The output of the decoder is a sequence of hidden states, the place each hidden state represents the model’s prediction for a selected time step throughout the forecast horizon. These hidden states are handed by the use of a linear layer, which applies a linear transformation to map the hidden states to a higher-dimensional space. The output of the linear layer is then handed by the use of a softmax layer, which normalizes the values all through the forecast horizon to amass an opportunity distribution over the attainable future values. The softmax function ensures that the anticipated possibilities sum to 1, allowing the model to output an opportunity distribution for each time step. The last word step contains deciding on the virtually actually price for each time step based totally on the anticipated probability distributions.

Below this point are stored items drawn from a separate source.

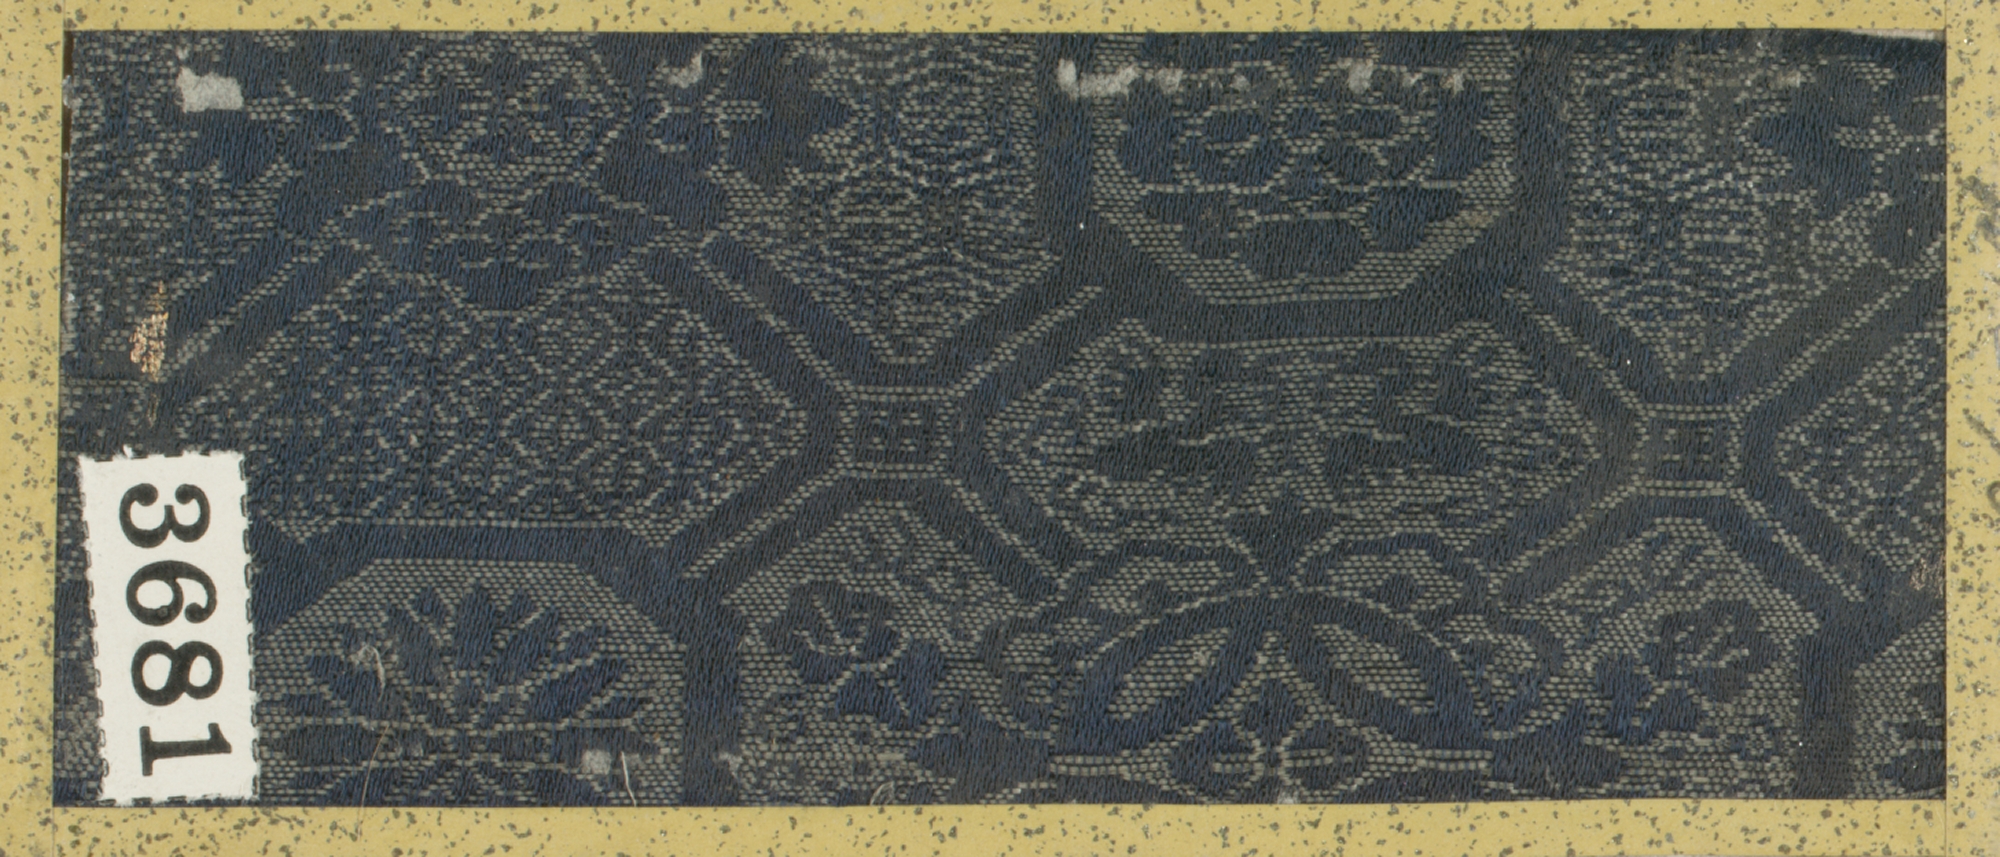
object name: sample
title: Textile Sample from Sample Book
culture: japanese
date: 1801-1900
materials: silk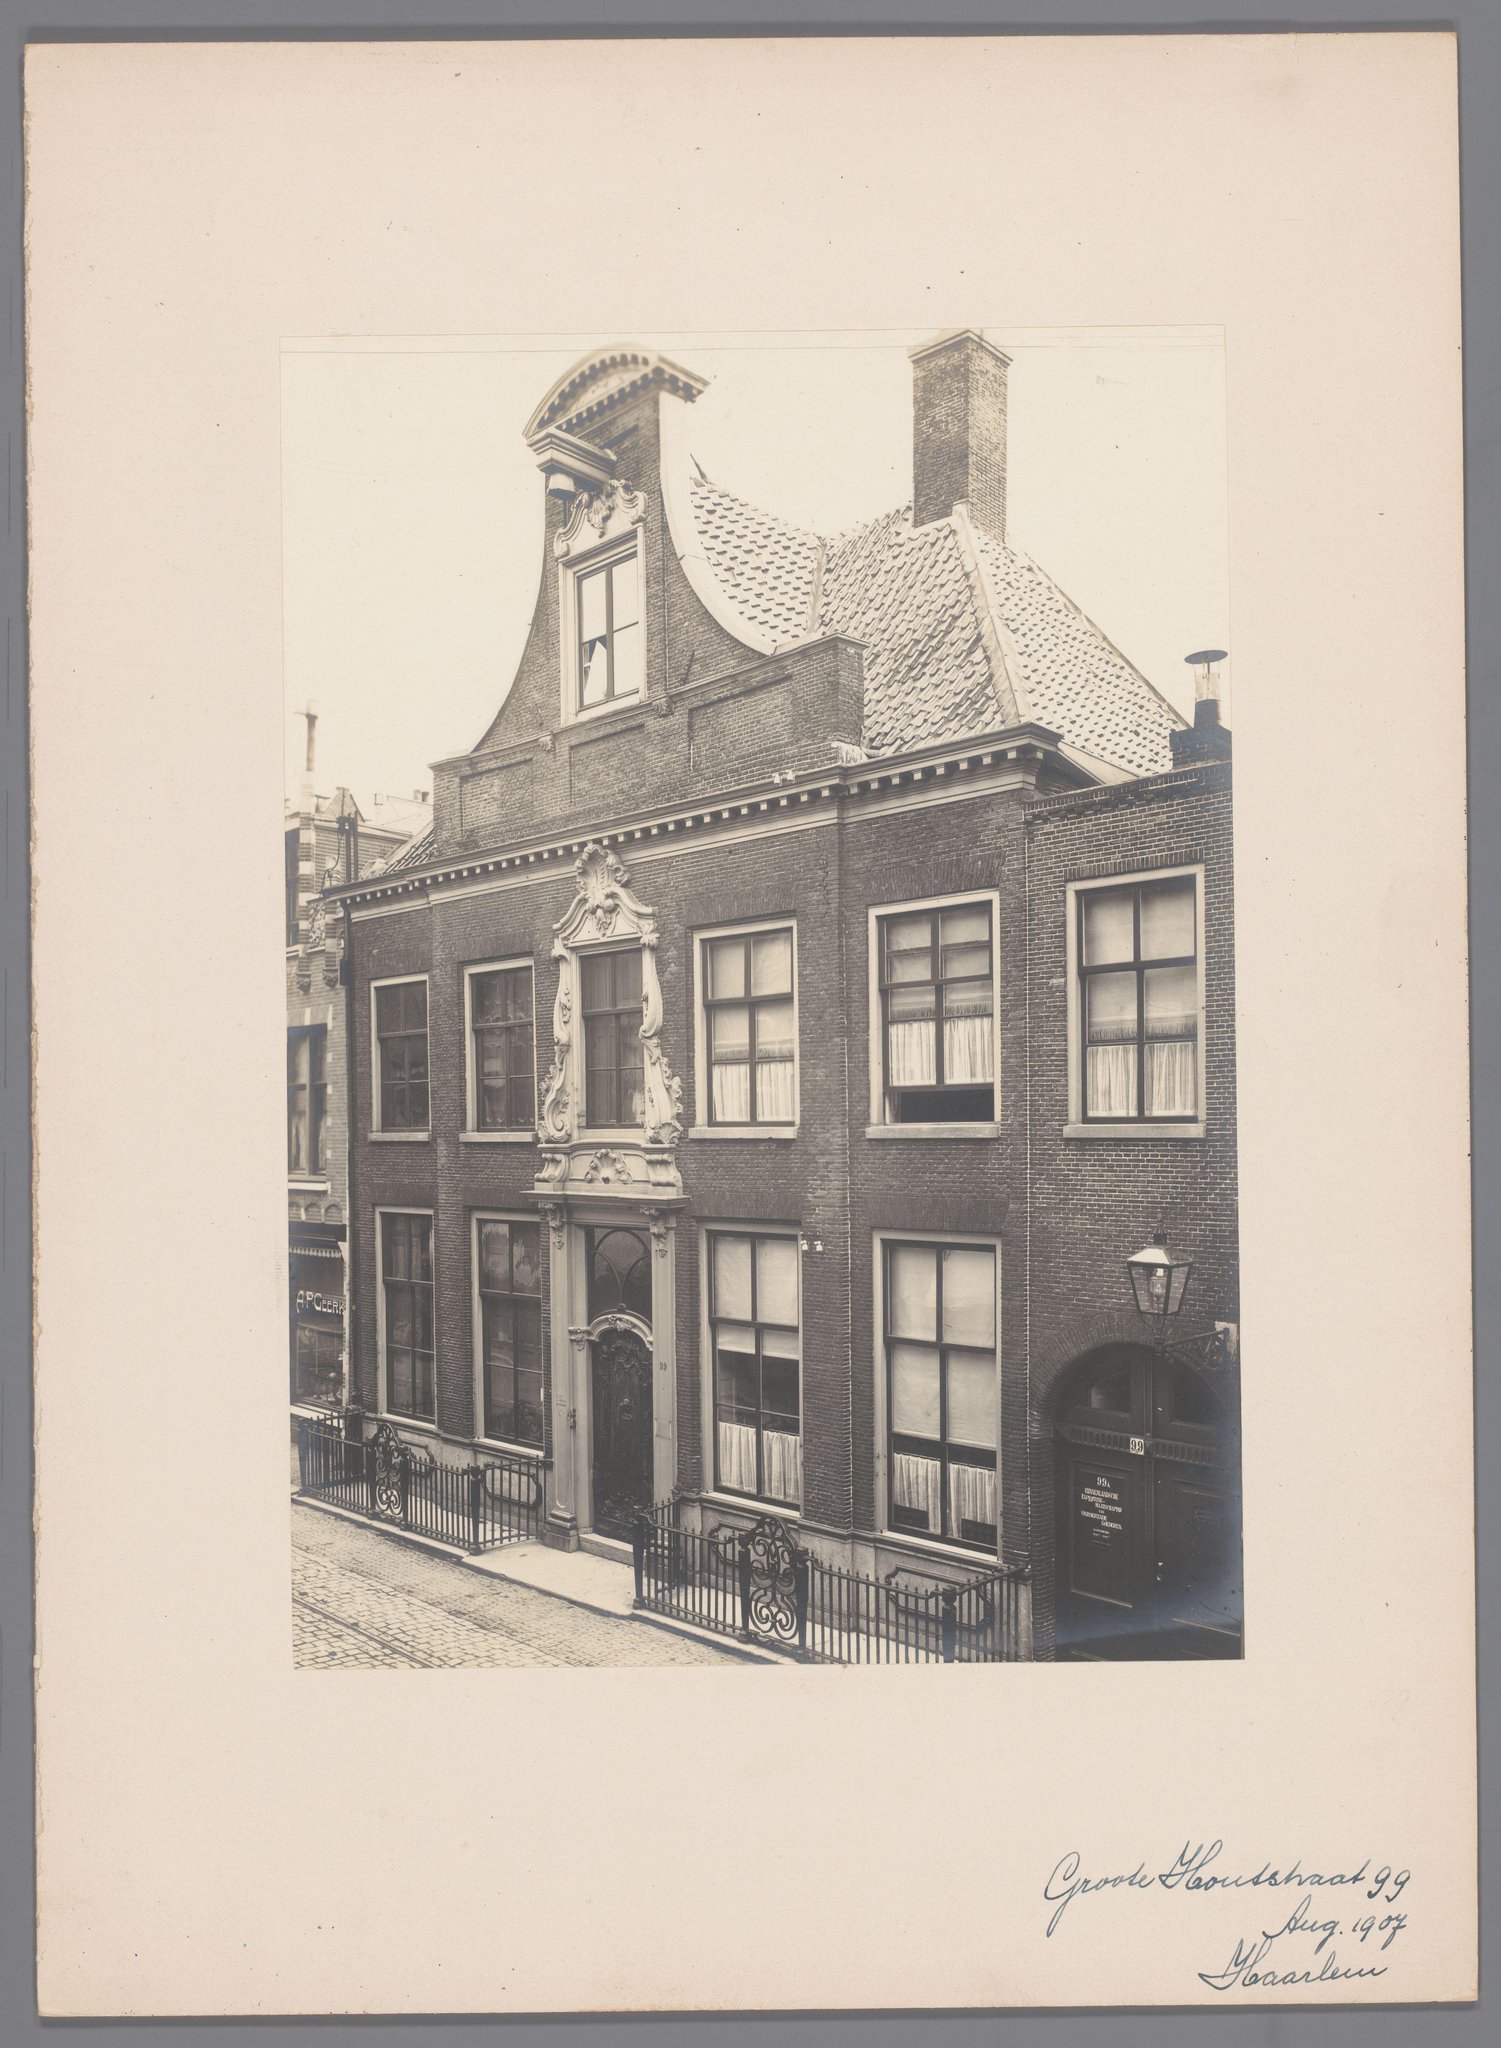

This can be executed by taking the argmax of the softmax output at each time step, resulting in a level forecast for each future time step.

Implementation

A straightforward Transformer construction tailored for time sequence forecasting was used on this case, with implementation with the PyTorch library.

!pip arrange pytorch-lightning

import torch
import torch.nn as nn
import pytorch_lightning as pl
from torch.utils.information import DataLoader, TensorDataset, random_split
from sklearn.preprocessing import StandardScaler
from torchmetrics import MeanAbsoluteError, MeanSquaredError

Model is expert via the usage of information from L12 substation.

information=all_data[3]

We’re together with earlier 24 values of transmitted vitality as choices. Since heat demand shows very sturdy day by day seasonability and comparable day by day consumption patterns, we have to emphasize that to the model by introducing earlier 24 hours transmitted vitality information throughout the enter information vector. Supplied that the size of enter vector is 24, this nearly implies that we’re using information from earlier 48 hours to forecast the vitality demand in subsequent 24 hours.

num_lags = 24

# Create lagged choices for deltae
for lag in range(1, num_lags + 1):
information[f'deltae_lag_{lag}'] = information['deltae'].shift(lag)# Take away rows with NaN values that consequence from shifting
information = information.dropna()

We’re together with local weather forecast, significantly temperature forecasts in subsequent 24 hours. As we’re using exact meteo station readings, future 24 hours of the readings are launched to the enter information vector. Clearly, that’s not the forecast. Beneath the thought of appropriate forecasts, that’s an outstanding varied.

# Create lagged choices for deltae
for lag in range(1, 25):
information[f'temp_next_{lag}'] = information['temp'].shift(-lag)

# Take away rows with NaN values that consequence from shifting
information = information.dropna()

The dataset is preprocessed, normalized, and remodeled it into PyTorch tensors. PyTorch tensors are the fundamental information constructions utilized in PyTorch, a popular open-source machine learning library. PyTorch tensors can retailer multi-dimensional information with completely completely different information types supported. PyTorch comprises a wide array of operations for tensor manipulation, along with mathematical operations, slicing, reshaping, and additional. These operations are optimized for effectivity and are integral to creating setting pleasant machine learning fashions. PyTorch tensors are interoperable with completely different information constructions, much like Numpy. They’re usually moved between completely completely different models, much like CPUs and GPUs, to hurry up computations.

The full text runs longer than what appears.